Additionally, I know that the order of the element $x$ is 8 and the order of element $(1+x)$ is 1 (it is the generator), but how would I prove this?
Edit: the order of $(1+x)$ is the same as the order of the group as it is the generator. How would I prove this?
On
$\mathbb{F} _5 [x] / (x^2 + 2) \cong \mathbb{F} _5 [u]$ with $u^2 =-2$.
$\mathbb{F} _5 $ is the set of all polynomials expressions in $u$ with coefficients in $\mathbb{F} _5$. Since $u^2 =-2$, all polynomials expressions can be reduced to the for $a+bu$ with $a,b \in \mathbb{F} _5$.
On
To add to @Ethan Bolker's answer, I want to address your question about the order of $x$ and $(x+1)$. You are correct about the order of $x$, since
$$x^8=(x^2)^4=(-2)^4=16=1.$$
However, the order of $x+1$ is not one. This would imply that $(x+1)^2=(x+1)$, which is not true. It should be noted that the order of a generator of a nontrivial group is never 1. The order of $(x+1)$ is 12. You should check this is true.
On
Yet another way of doing it:
Just as element of $\Bbb C$ may be written $a+bi$, where $a$ and $b$ are allowed to be any real number, and $i^2+1=0$, so in your field you have adjoined the square root of $3\equiv-2\pmod5$ and you can mimic the construction of the complex numbers.

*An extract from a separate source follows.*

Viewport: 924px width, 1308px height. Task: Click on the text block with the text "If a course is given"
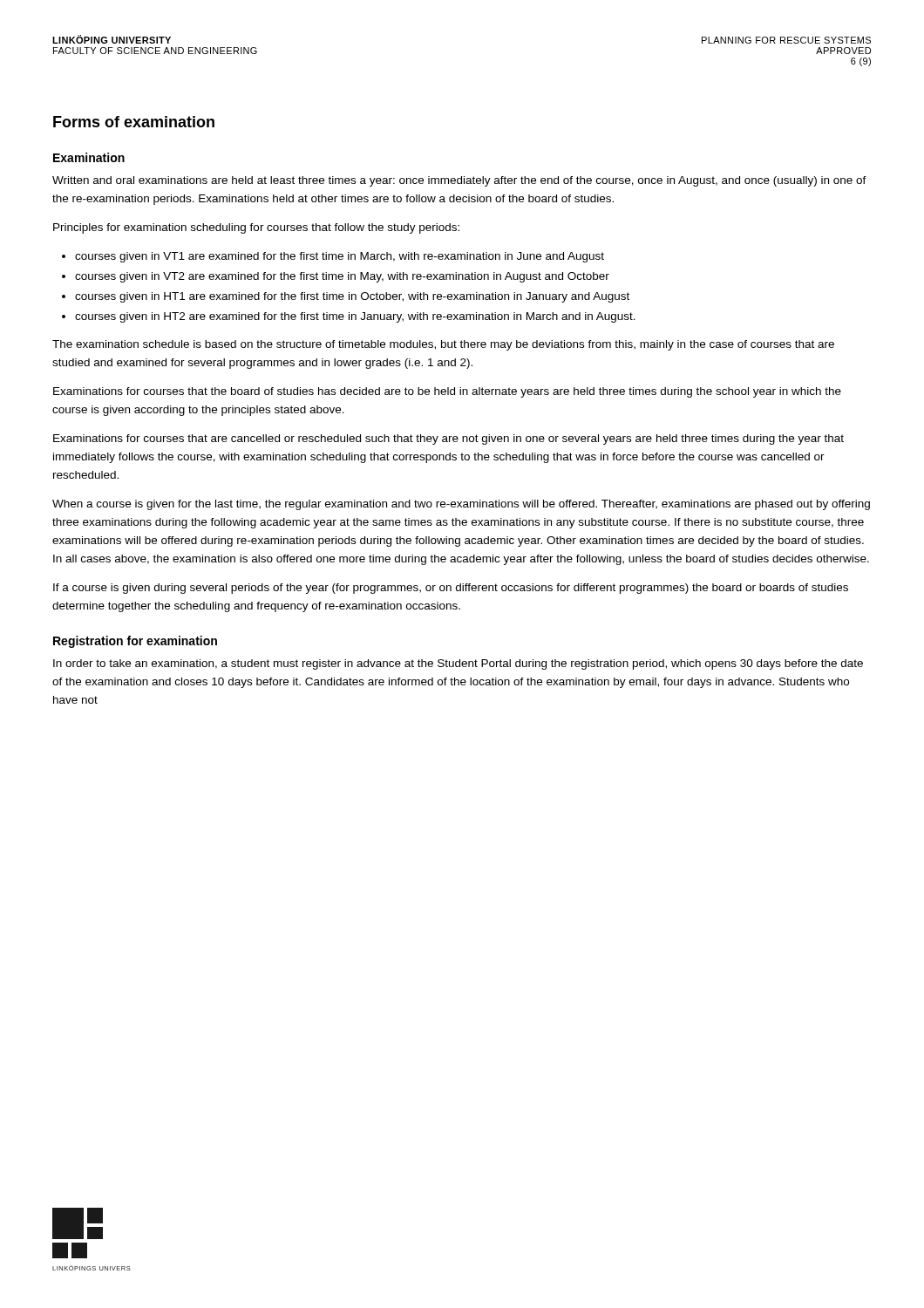(450, 596)

Thus, if you like, you can write the elements of your field as $a+b\sqrt3$, where $a$ and $b$ are allowed to be any elements of $\Bbb F_5$, and “$\sqrt3$” may be taken as a symbol whose square is $3$. Then multiplication is easy: $(a_1+b_1\sqrt3)(a_2+b_2\sqrt3)=a_1a_2+3b_1b_2+(a_1b_2+a_2b_1)\sqrt3$. One way of finding the reciprocal of any quantity here is by the technique of “rationalizing the denominator” that you learned in high-school.

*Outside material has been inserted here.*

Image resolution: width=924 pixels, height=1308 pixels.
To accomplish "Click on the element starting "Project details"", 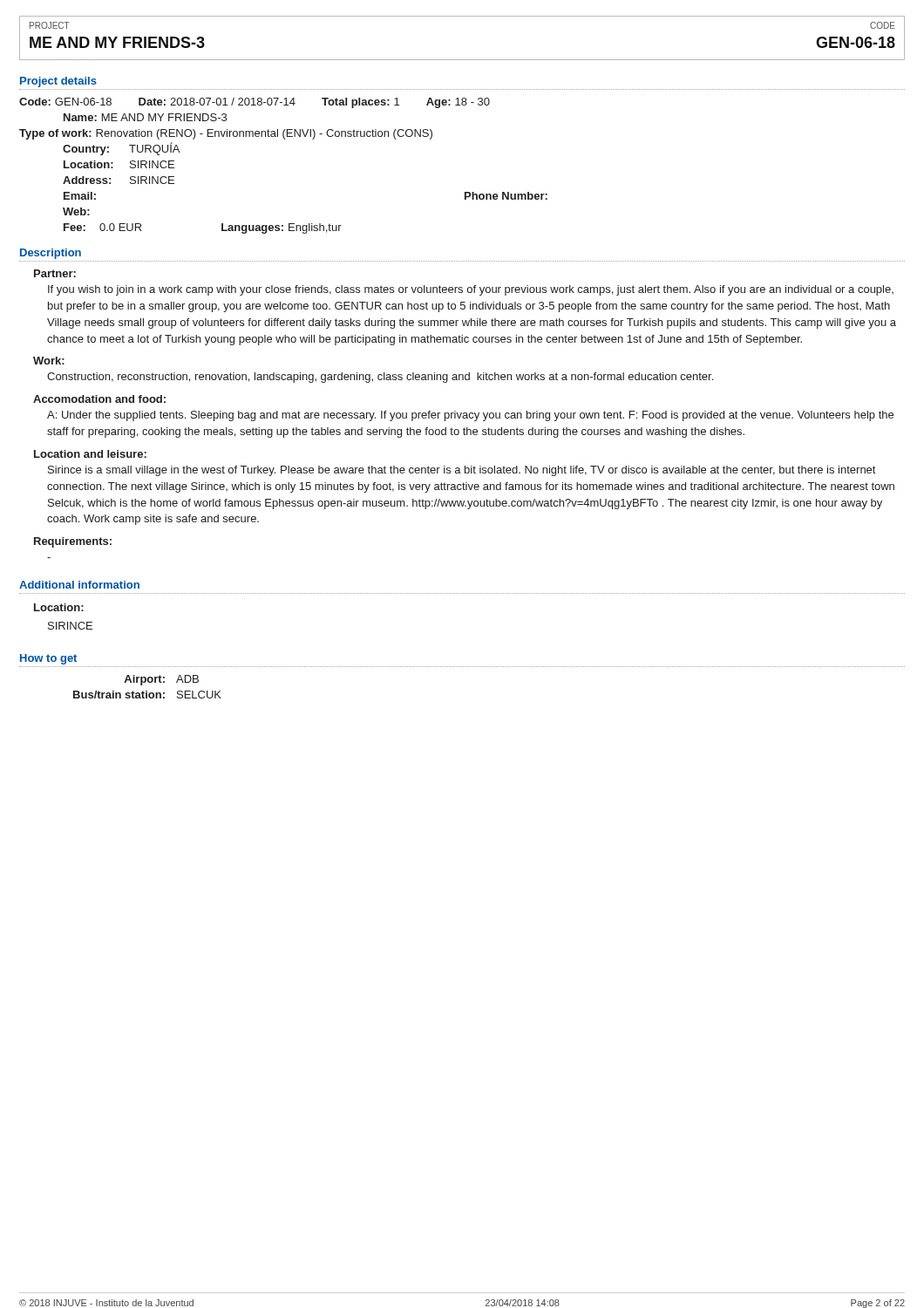I will click(58, 81).

Maybe I can say one more thing, since I’m on my soapbox. I’ve done a lot of hand computation in finite fields $\kappa$ of relatively small cardinality, and I’ve found that the best way to work, if you have a lot of multiplications or divisions to perform, is to write down a list of the powers of a generator of the (cyclic) multiplicative group $\kappa^\times$ of $\kappa$. Then you have what amounts to an (anti)logarithm table, and by making table-lookups, you can do multiplications and divisions with a flick of your wrist instead of a relatively tiresome pencil-and-paper calculation. It seems, in your case, that $1+\sqrt3$ is such a generator (“primitive element”), and to implement my suggestion, of course you’d have to write down all $23$ powers of it, but once that’s done, you have smooth sailing.
Hint to get you started.
For example, to "find" all the elements of $\mathbb{Z}/(22)$ you can just write the numbers $0, 1, \ldots. 21$ since that gives you one representative of each equivalence class. Those are all the possible remainders when you divide an integer by $22$.
By analogy, write down all the polynomials that can be the remainders of polynomials in $\mathbb{Z}_5[x]$ when you divide by $x^2 -2$. (They will be of degree less than $2$.) That will give you a list of all the elements of that ring. Then you can do all the calculations you need to.